The CI pipeline change that made the handoff concrete: instead of running
kubectl apply directly from CI, the pipeline pushed to the source
branch and asked the GitOps controller to reconcile. Direct apply made the CI
runner the deployment interface. The sync request made the controller the
deployment interface, with visible status, history, and a drift signal if
something changed outside the normal path.
kubectl apply made the person at the terminal the deployment
interface. This made the controller the deployment interface. One of those
produces an audit trail and a visible current state. The other produces a shell
history that lives in one person's session.
git push origin dev
# CI validates the change, then asks the GitOps controller to reconcile.
argocd app sync archibus-dev
argocd app get archibus-dev The early ArgoCD work also included explicit RBAC, team-oriented branch workflow docs, and a structured model for which environments auto-deployed versus which required approval.
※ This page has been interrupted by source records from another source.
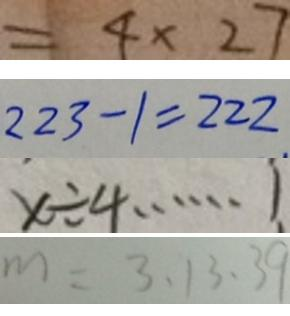Convert formula to latex. <formula><loc_0><loc_0><loc_500><loc_500>= 4 \times 2 7 
 2 2 3 - 1 = 2 2 2 . 
 x \div 4 \cdots 1 
 m = 3 , 1 3 , 3 9</formula> 
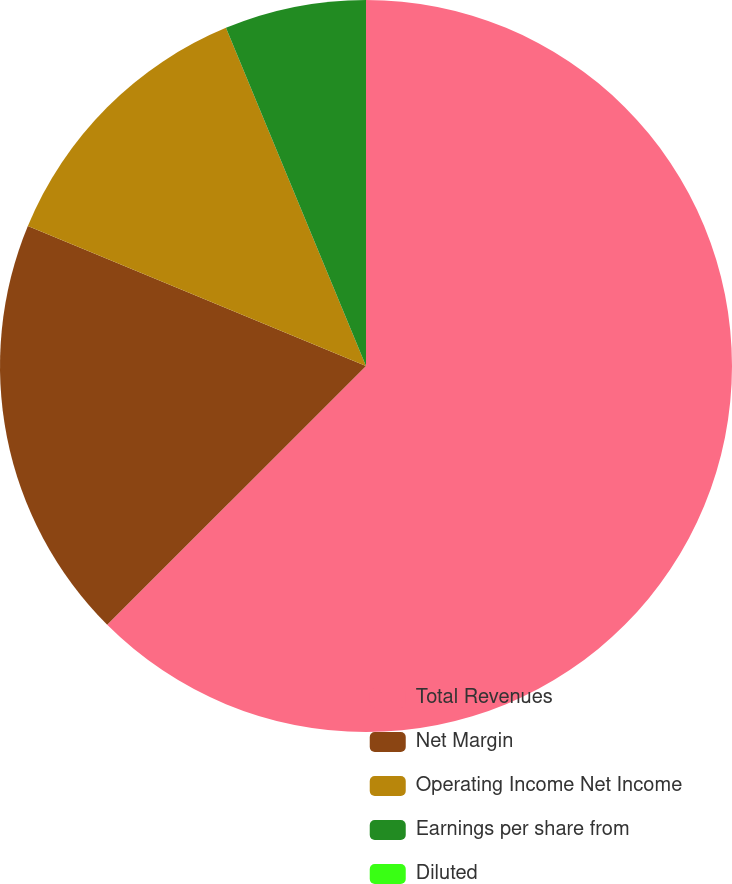<chart> <loc_0><loc_0><loc_500><loc_500><pie_chart><fcel>Total Revenues<fcel>Net Margin<fcel>Operating Income Net Income<fcel>Earnings per share from<fcel>Diluted<nl><fcel>62.5%<fcel>18.75%<fcel>12.5%<fcel>6.25%<fcel>0.0%<nl></chart> 
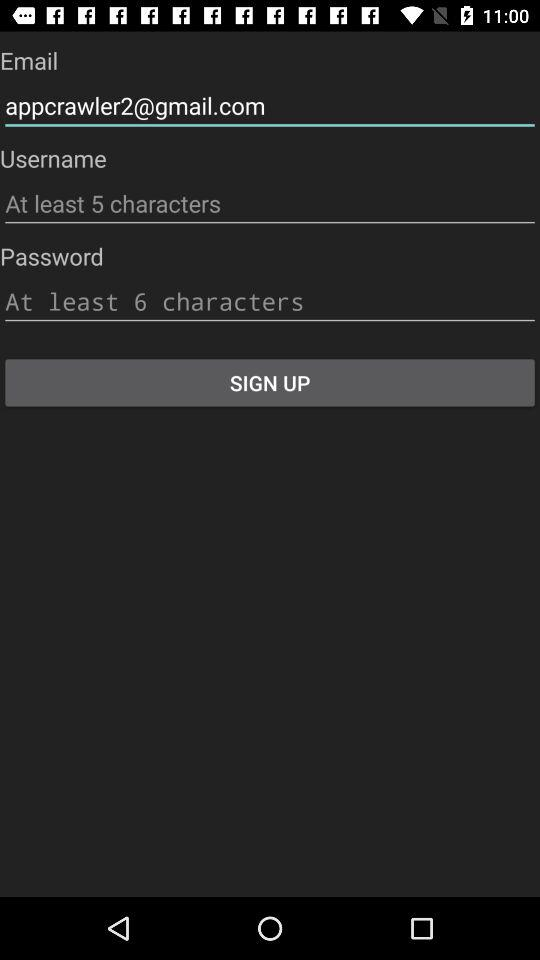How many characters must be used in a username? There are at least 5 characters that must be used in a username. 
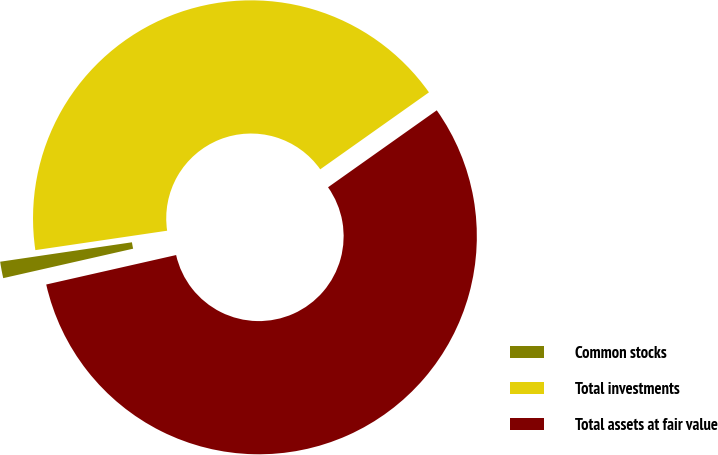Convert chart. <chart><loc_0><loc_0><loc_500><loc_500><pie_chart><fcel>Common stocks<fcel>Total investments<fcel>Total assets at fair value<nl><fcel>1.22%<fcel>42.52%<fcel>56.25%<nl></chart>

The goal behind all of it was the same: make the cluster answerable by source and status instead of by whoever had been most recently working in it.
What it became
That model held through the dev cluster work and then evolved further in later environments. The dev cluster still runs ArgoCD applications from that period, most of them healthy and synced. It is a dev cluster; not everything needs to be pristine, and that is fine.
In customer-test and ISM prod, Flux replaced Argo CD as the GitOps owner in early 2026. The operating question stayed the same but the answer got more explicit. Platform resources first. Secret providers and clones after. Chart-backed app releases next. Post-release extras last. The staged dependency graph lives in source, not in a runbook that depends on someone having been present for the original decisions.
dependsOn fields are not boilerplate. They are an operational
assertion: these things must be ready before those things run. When that order
lives in a manifest instead of in the operator's head, recovery does not require
interrogating the original architect.
apiVersion: kustomize.toolkit.fluxcd.io/v1
kind: Kustomization
metadata:
name: environment-helmreleases
spec:
dependsOn:
- name: environment-platform
- name: environment-secrets
wait: true
path: ./flux/environment/helmreleases The explicit dependency order in that manifest took about a year of environment work to earn. The Bash scripts from the research cluster made the manual steps legible. The ArgoCD experiments made the gap between "what is deployed" and "what the repo says" feel like a problem worth solving rather than a normal operating condition. The Flux staging took that further and made the full bootstrap order inspectable without a conversation.
The goal was not to remove me from the system. It was to stop being the only API.
The question underneath all of it, from the first ArgoCD experiment to the current Flux setup, has not changed: can someone understand and repair this environment from source and status, or do they have to ask me? Every piece of the current platform that has a good answer to that question got there because an earlier version had a bad one.